Evidence of entropically driven assembly. (A) 100 mM sodium phosphate at pH 4.2 ³¹P DOSY fits of Log(ψ) vs. gradient strength squared show a linear relationship, indicating that a single diffusion coefficient can describe behavior of phosphorous entities contributing to the observed NMR line. (B) Hydrodynamic diameters extracted from the diffusion coefficient from fits in (A). (C) R₂ and R₁ for potassium phosphate pH 4.5 in the presence of 6k MW polyethylene glycol (PEG) at varying PEG concentrations. Solid lines are quadratic fits to data to guide the eye. (D) R₂ and R₁ for orthophosphate pH 4.5 samples at 10 and 100 mM, with varying types of cationic salt chlorides and concentrations (see legend below).

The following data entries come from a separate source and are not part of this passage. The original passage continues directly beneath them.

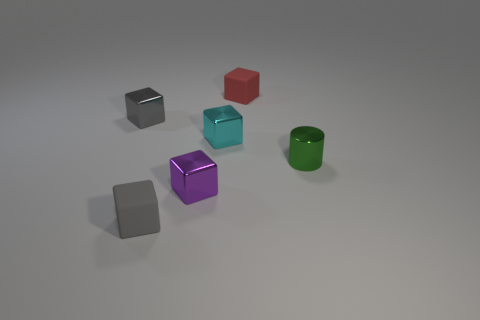Subtract all gray shiny cubes. How many cubes are left? 4 Subtract all red cubes. How many cubes are left? 4 Subtract 1 cubes. How many cubes are left? 4 Subtract all yellow cubes. How many red cylinders are left? 0 Subtract all cubes. How many objects are left? 1 Subtract all cyan blocks. Subtract all yellow cylinders. How many blocks are left? 4 Subtract all big yellow rubber blocks. Subtract all gray blocks. How many objects are left? 4 Add 4 green things. How many green things are left? 5 Add 4 small rubber cylinders. How many small rubber cylinders exist? 4 Add 1 metallic cylinders. How many objects exist? 7 
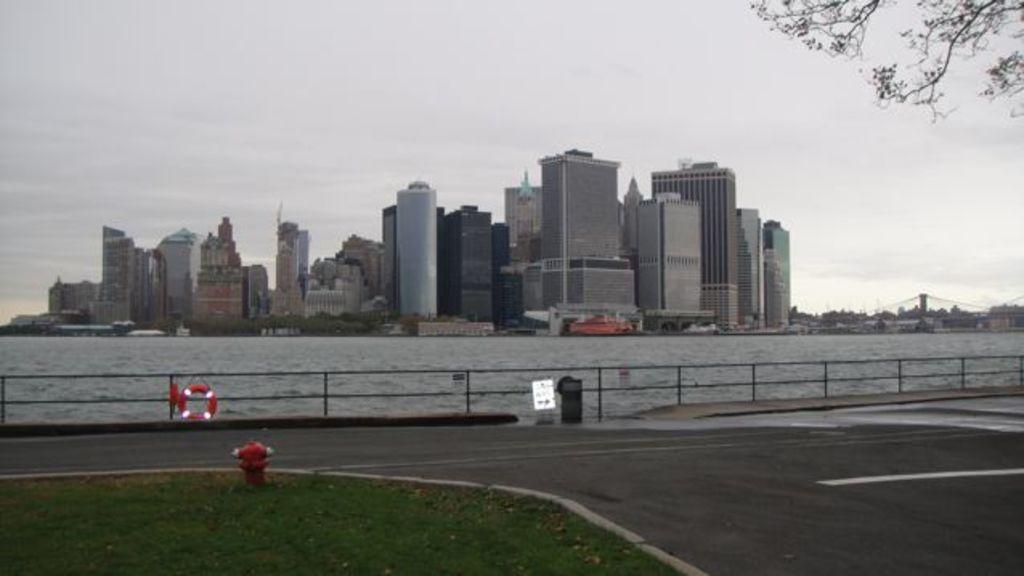What object is on the ground in the image? There is a hydrant on the ground in the image. What type of man-made structure can be seen in the image? There are buildings in the image. What type of natural environment can be seen in the image? There are trees in the image. What type of man-made path is visible in the image? There is a road visible in the image. What else can be seen in the image besides the hydrant, buildings, trees, and road? There are some objects in the image. What is visible in the background of the image? The sky is visible in the background of the image. What type of jelly is being served at the vacation spot in the image? There is no jelly or vacation spot present in the image; it features a hydrant, buildings, trees, and a road. How old is the boy in the image? There is no boy present in the image. 
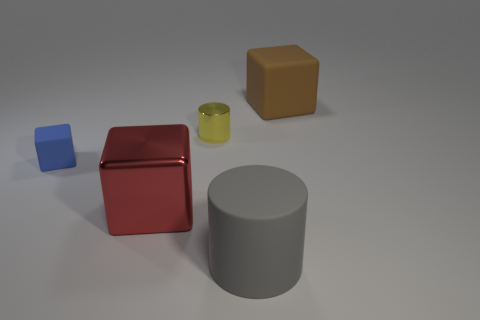Subtract all brown rubber blocks. How many blocks are left? 2 Add 1 big cubes. How many objects exist? 6 Subtract all red cubes. How many cubes are left? 2 Add 5 large cyan rubber cubes. How many large cyan rubber cubes exist? 5 Subtract 1 gray cylinders. How many objects are left? 4 Subtract all cylinders. How many objects are left? 3 Subtract 1 blocks. How many blocks are left? 2 Subtract all purple cubes. Subtract all yellow cylinders. How many cubes are left? 3 Subtract all green cubes. How many blue cylinders are left? 0 Subtract all red blocks. Subtract all metal objects. How many objects are left? 2 
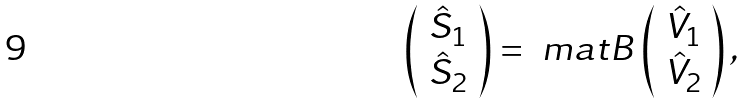Convert formula to latex. <formula><loc_0><loc_0><loc_500><loc_500>\left ( \begin{array} { c } \hat { S } _ { 1 } \\ \hat { S } _ { 2 } \end{array} \right ) = \ m a t { B } \left ( \begin{array} { c } \hat { V } _ { 1 } \\ \hat { V } _ { 2 } \end{array} \right ) ,</formula> 
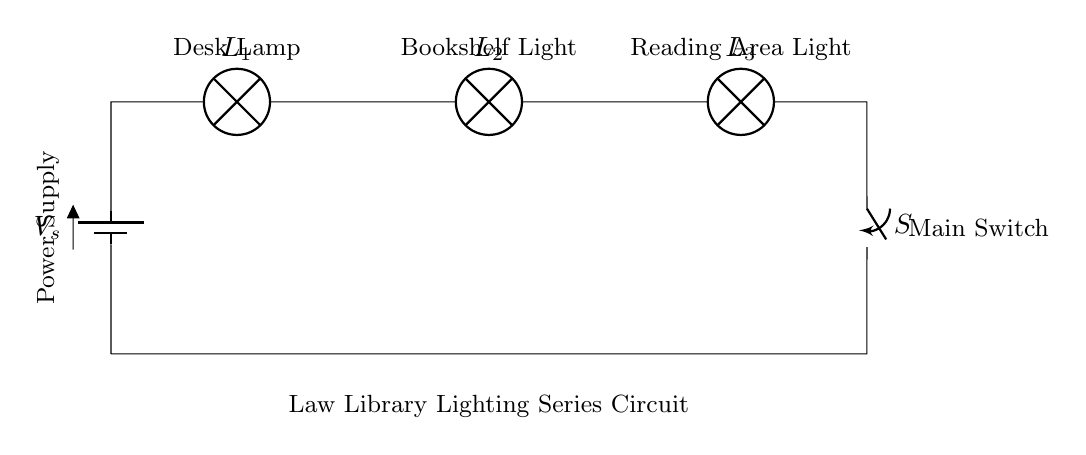What type of circuit is depicted in the diagram? The circuit is a series circuit, as it shows all components connected end to end in a single path for current flow.
Answer: Series circuit What is the total number of lamps in this circuit? The diagram shows three lamps connected in series, indicated by the labels L1, L2, and L3.
Answer: Three What function does the main switch serve in this circuit? The main switch is used to control the flow of current in the circuit, allowing for the entire circuit to be turned on or off.
Answer: Control current If one lamp burns out, what happens to the other lamps? In a series circuit, if one lamp fails, it breaks the circuit, and all other lamps will also go out.
Answer: All go out What is the significance of the power supply in this circuit? The power supply, indicated as Vs, provides the necessary voltage to drive the current through the entire circuit and power the lamps.
Answer: Provides voltage How does the configuration of the lights in this circuit affect the brightness? Since the lamps are in series, the same current flows through each, leading to reduced brightness per lamp compared to a parallel setup.
Answer: Reduced brightness What would happen if the switch is opened? Opening the switch will break the circuit at that point, stopping the flow of current and turning off all lamps connected in series.
Answer: Circuit stops 
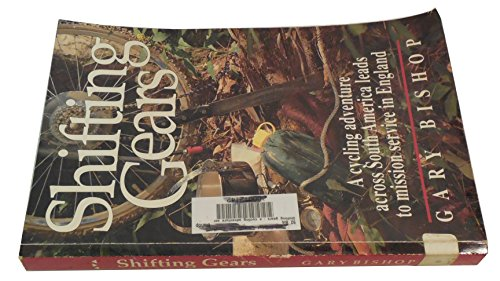Who is the author of this book? The author of the book is Gary Bishop, as clearly stated along with the title on the book cover. 
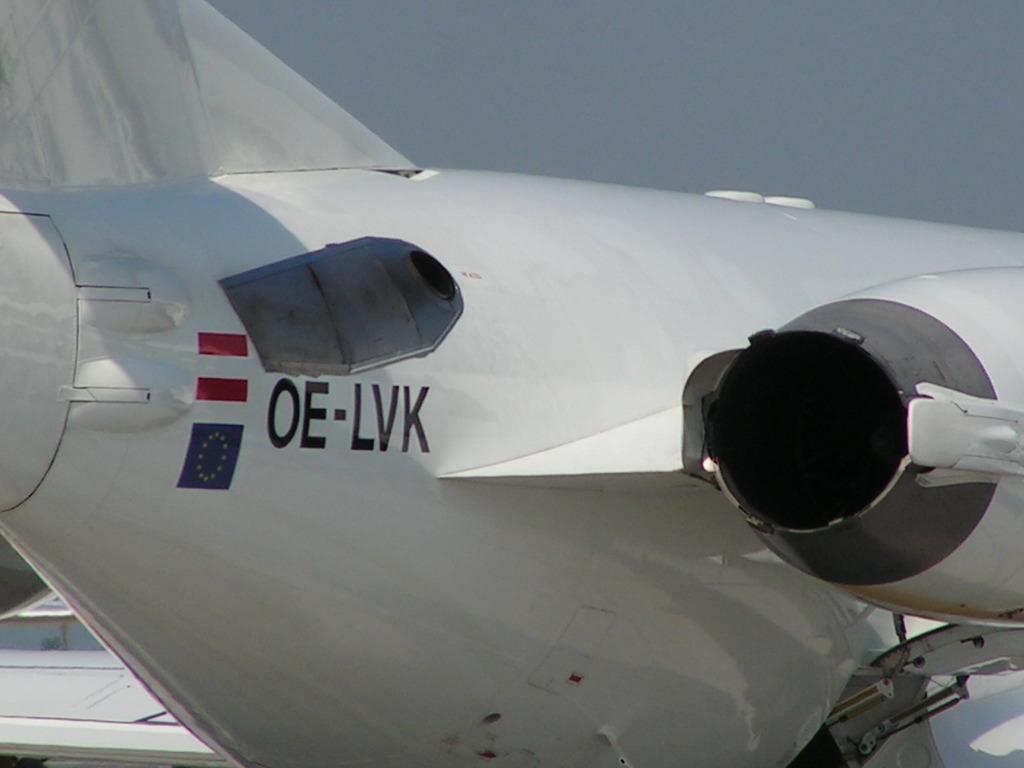Provide a one-sentence caption for the provided image. A white airplane with the letters OE-LVK and a flag. 
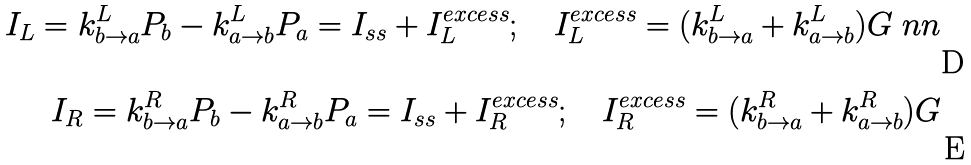<formula> <loc_0><loc_0><loc_500><loc_500>I _ { L } = k ^ { L } _ { b \to a } P _ { b } - k ^ { L } _ { a \to b } P _ { a } = I _ { s s } + I _ { L } ^ { e x c e s s } ; \quad I _ { L } ^ { e x c e s s } = ( k ^ { L } _ { b \to a } + k ^ { L } _ { a \to b } ) G \ n n \\ I _ { R } = k ^ { R } _ { b \to a } P _ { b } - k ^ { R } _ { a \to b } P _ { a } = I _ { s s } + I _ { R } ^ { e x c e s s } ; \quad I _ { R } ^ { e x c e s s } = ( k ^ { R } _ { b \to a } + k ^ { R } _ { a \to b } ) G</formula>

Salt-added samples are sodium phosphate salts, while no additional salt samples shown are monophosphate salts with the corresponding potassium or sodium cationic species. Solid lines are third-order polynomial fits to data to guide the eye. The R₂ trends follow the predicted trends for the Hofmeister series, while R₁ shows little difference at 10 mM phosphate concentration but significant differences for different salts at 100 mM.